Fourth, they are indefinite. The little artist cannot be depended upon. He draws a fair rectangle in the large chair, where it is of no special consequence, and lets anything do for a window or door in the house, where the rectangular form is important. Then, compare the twelve representations of feet in Fig. 1.

The specific lessons should, therefore, tend to improve the sketching at once along these four lines: perception of form, the establishing of units of size and proportion, the development of skill of hand and of definiteness in representation. These lessons will improve the sketching if the teacher is wise. When, for example, the pupils know vertical and horizontal as abstract lines, the teacher must never accept sketches in which that knowledge is not applied if occasion requires. In Fig. 3, a sketch by a third-year boy in Malden, the definite instruction in form and proportion, in free movement and in accuracy, has already commenced to improve the expression of ideas.

From the first, illustrative sketching, thus supplemented, should be encouraged and directed.

In language and reading only such sketches should be accepted as tend to give the pupils clearer ideas of occasions or conditions suggested by the words.

In number the sketches should be limited to those which (a) aid in making the transition from the concrete to the abstract, (b) make clear the conditions of problems and (c) illustrate principles.

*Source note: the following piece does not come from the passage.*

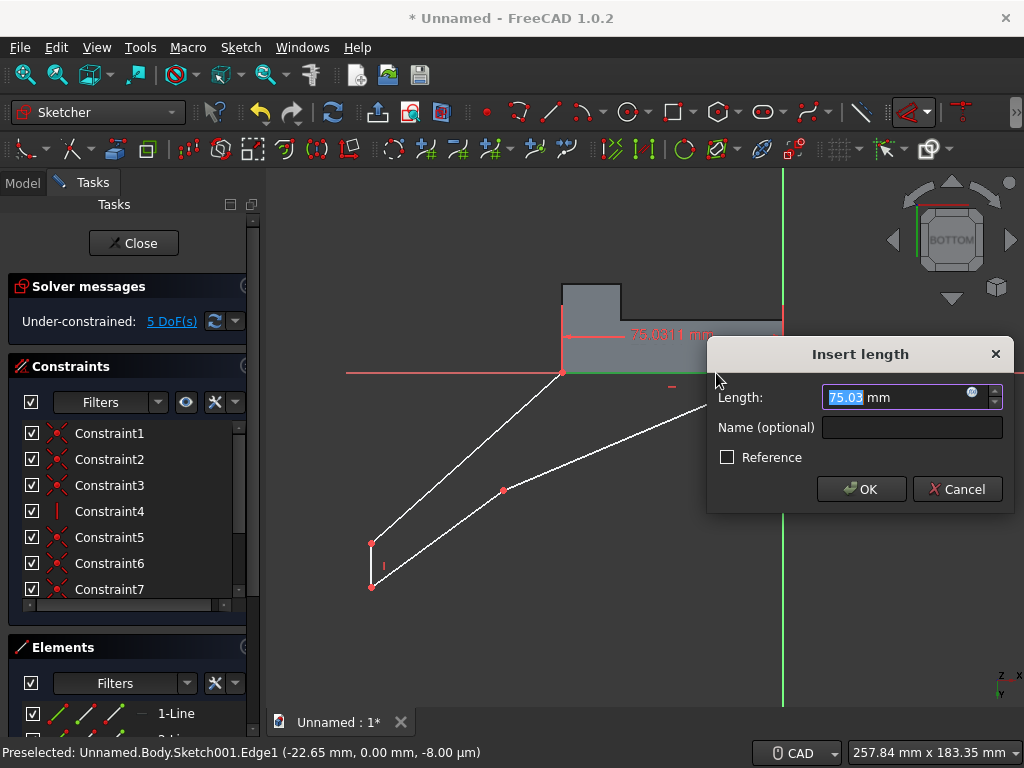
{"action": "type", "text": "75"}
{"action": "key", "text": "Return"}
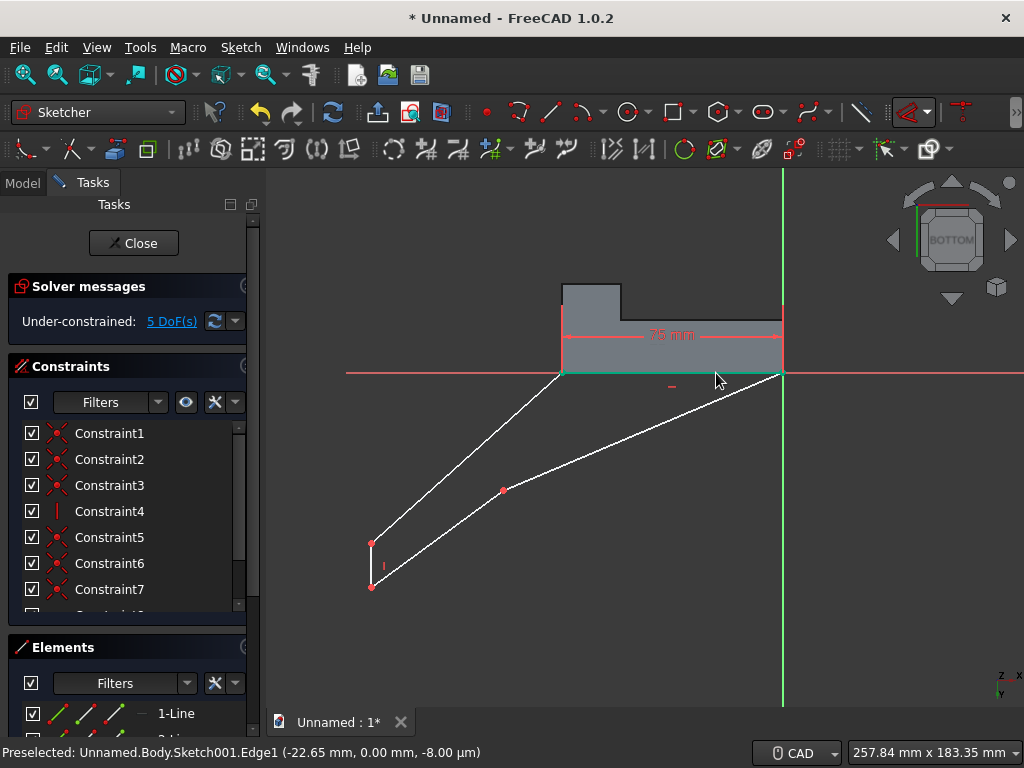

In geography the most valuable sketches are those which are either (a) diagrams showing relations of objects in plans of the schoolroom, school yard, village, etc., or (b) maps in which ideas gathered from the globe, the earth itself, or both, are embodied in the order of their importance.

In history the sketches should consist (a) of representations of characteristic details of dress, household utensils, weapons, means of conveyance, etc., which aid in presenting to the mind a clear picture of the times; and (b) of diagrams and maps showing paths of discovery, routes of travel, locations of settlements, acquisitions of territory, plans of campaigns, movements of armies, etc.

In physiology the most effective sketches are diagrams which aid in fixing in mind facts of structure and function.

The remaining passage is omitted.